WarpGuard: Protected-Site Control-Flow Integrity for CUDA SASS Binaries

Recent CUDA exploitation work shows that GPU memory bugs can escalate into device-side control-flow corruption, as kernels later consume corrupted return continuations, function pointers, dispatch-table entries, or branch targets. For deployed CUDA binaries, the relevant security boundary is executed NVIDIA SASS, after PTX lowering, inlining, ABI decisions, register allocation, spills, predication, and SIMT execution; source- or PTX-level policies do not capture this boundary. We present WarpGuard, to our knowledge the first protected-site CFI system for CUDA device binaries operating on executed SASS. WarpGuard enforces at protected sites: recovered SASS instructions or sequences that consume control-flow state, provide sufficient binary evidence to derive policy, are checked before release, and fail closed on violation. It authenticates backward-edge continuation state for instrumented returns, validates recoverable forward targets per site, and reports fixed-edge, unsupported, profile-excluded, fallback, and no-surface outcomes outside the protected denominator.
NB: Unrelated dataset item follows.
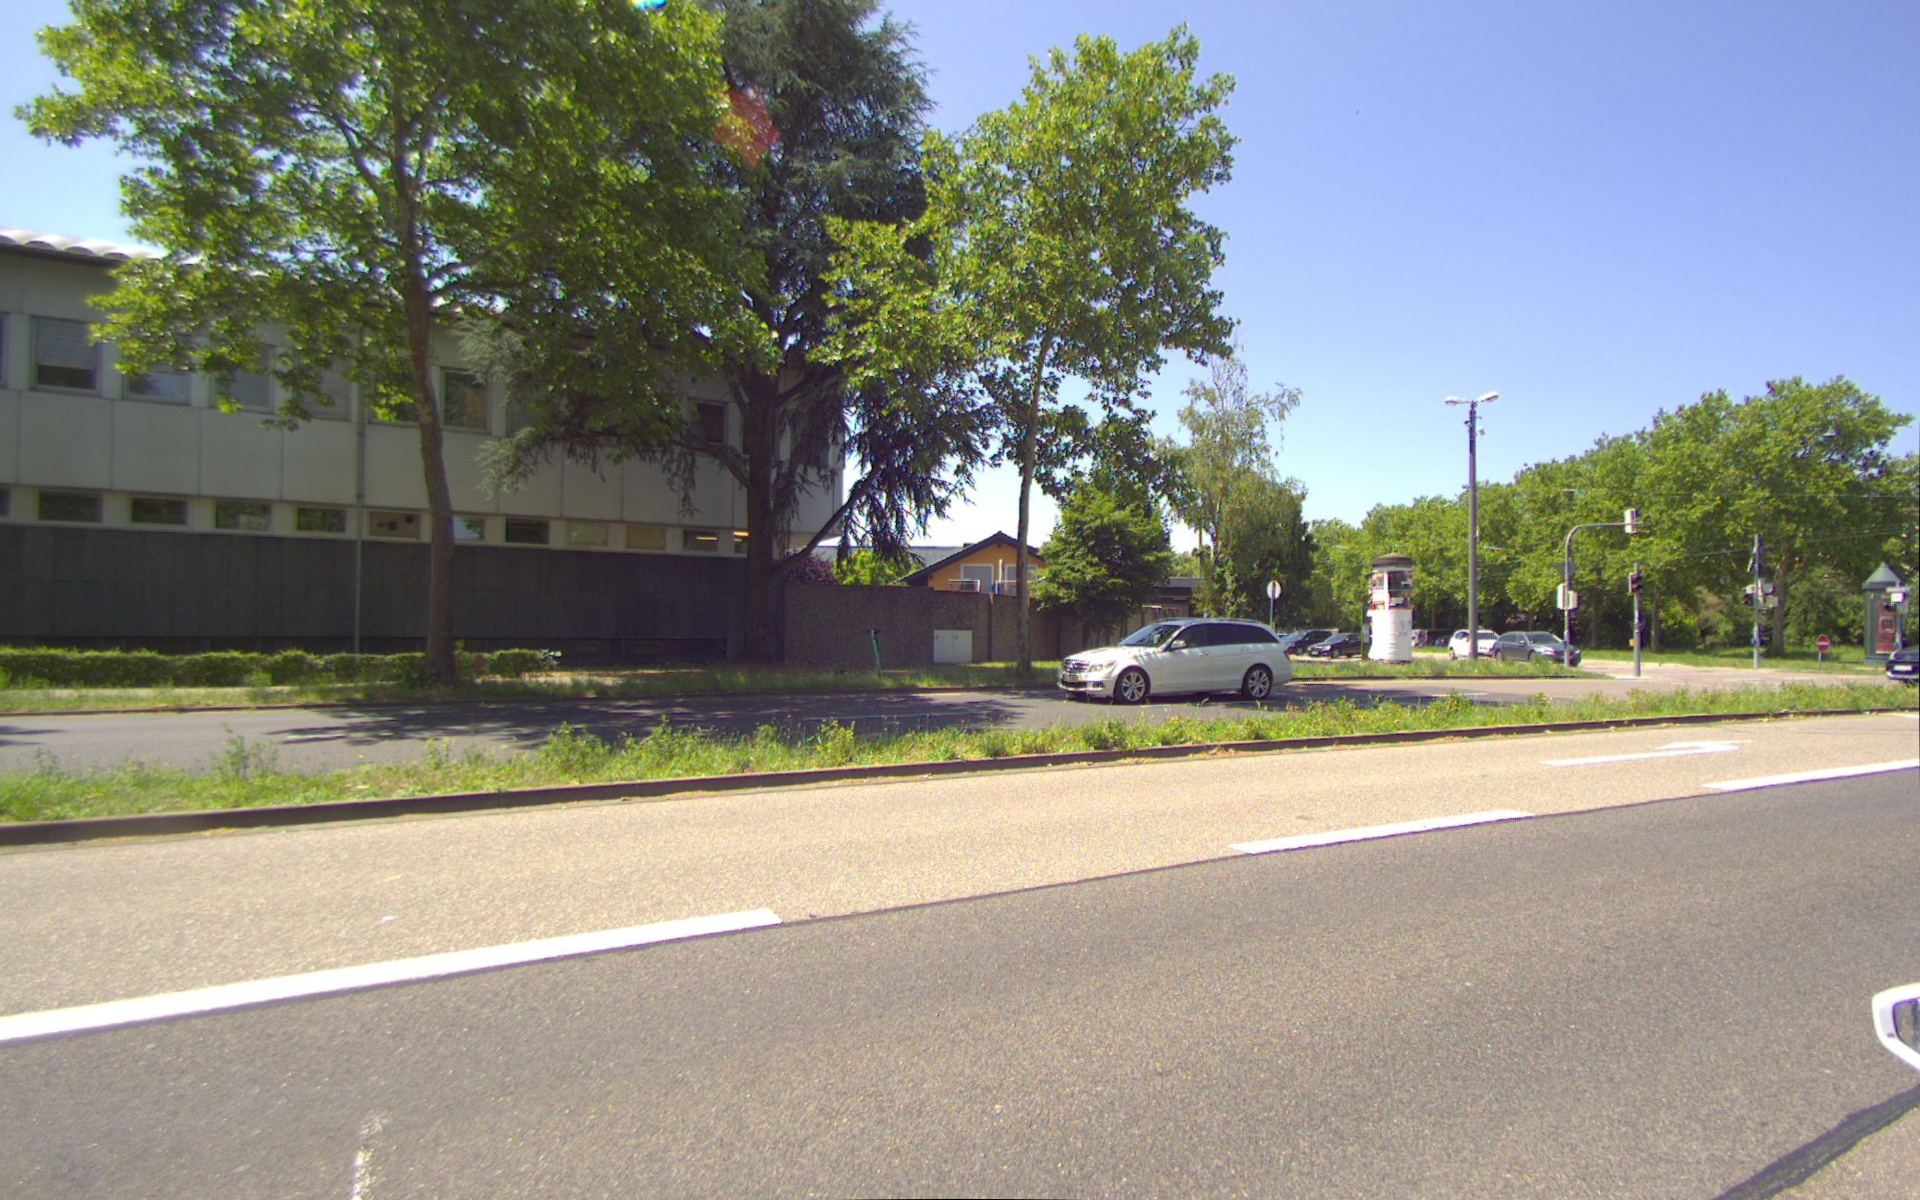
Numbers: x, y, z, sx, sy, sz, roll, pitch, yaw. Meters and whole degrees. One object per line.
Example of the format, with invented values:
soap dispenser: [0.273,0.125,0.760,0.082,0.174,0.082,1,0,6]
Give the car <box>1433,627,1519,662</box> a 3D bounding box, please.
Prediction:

On 77 CUDA artifacts, WarpGuard classifies 51,621 SASS control-flow sites, including 1,343 returns and 154 supported forward target-set entries, and records 52.2 million dynamic checks. In representative backward- and forward-edge corruption attacks, native execution reaches attacker-selected behavior, detect-only mode records the expected violation, and enforcement fails closed before releasing the invalid protected transfer. Public-code evidence shows that the same SASS consumption patterns occur in real CUDA systems, including runtime dispatch tables, cuFFT callbacks, generated callable tables, and uploaded device-function pointers. WarpGuard delivers auditable protected-site CFI for CUDA SASS and separates dynamic-instrumentation enforcement from callback-free SASS timing and patch-cache feasibility.

翻译：近期CUDA漏洞利用研究表明，GPU内存错误可升级为设备端控制流损坏——当后续核函数消耗被破坏的返回延续、函数指针、调度表条目或分支目标时。对于已部署的CUDA二进制程序，相关安全边界是经过PTX降级、内联、ABI决策、寄存器分配、溢出、预测执行及SIMT执行后的NVIDIA SASS指令集；源代码级或PTX级策略无法覆盖该边界。我们提出WarpGuard——据我们所知，这是首个在已执行SASS层面为CUDA设备二进制程序提供关键点CFI保护的系统。WarpGuard在关键点处实施以下机制：恢复消耗控制流状态的SASS指令或指令序列，提供足够二进制证据以推导策略，在释放前完成检查，并在此类检查失败时执行故障闭锁。它通过插桩后的返回指令验证后向边缘延续状态，针对每个关键点验证可恢复的前向目标，并将固定边缘、不支持的、通过配置文件排除的、回退及无表面结果报告为未受保护场景。在77个CUDA程序中，WarpGuard分类了51,621个SASS控制流关键点（包含1,343个返回指令和154个受支持的前向目标集条目），并记录了5,220万次动态检查。在典型后向与前向边缘破坏攻击实验中：原生执行抵达攻击者预设行为，仅检测模式记录预期违规事件，而实施保护时系统在释放无效受保护传输前完成故障闭锁。公开代码证据表明，真实CUDA系统（包括运行时调度表、cuFFT回调函数、生成的调用表及上传的设备函数指针）中存在相同的SASS消耗模式。WarpGuard为CUDA SASS提供了可审计的关键点控制流完整性保护，并将动态插桩的执行与无回调SASS时序及补丁缓存可行性相分离。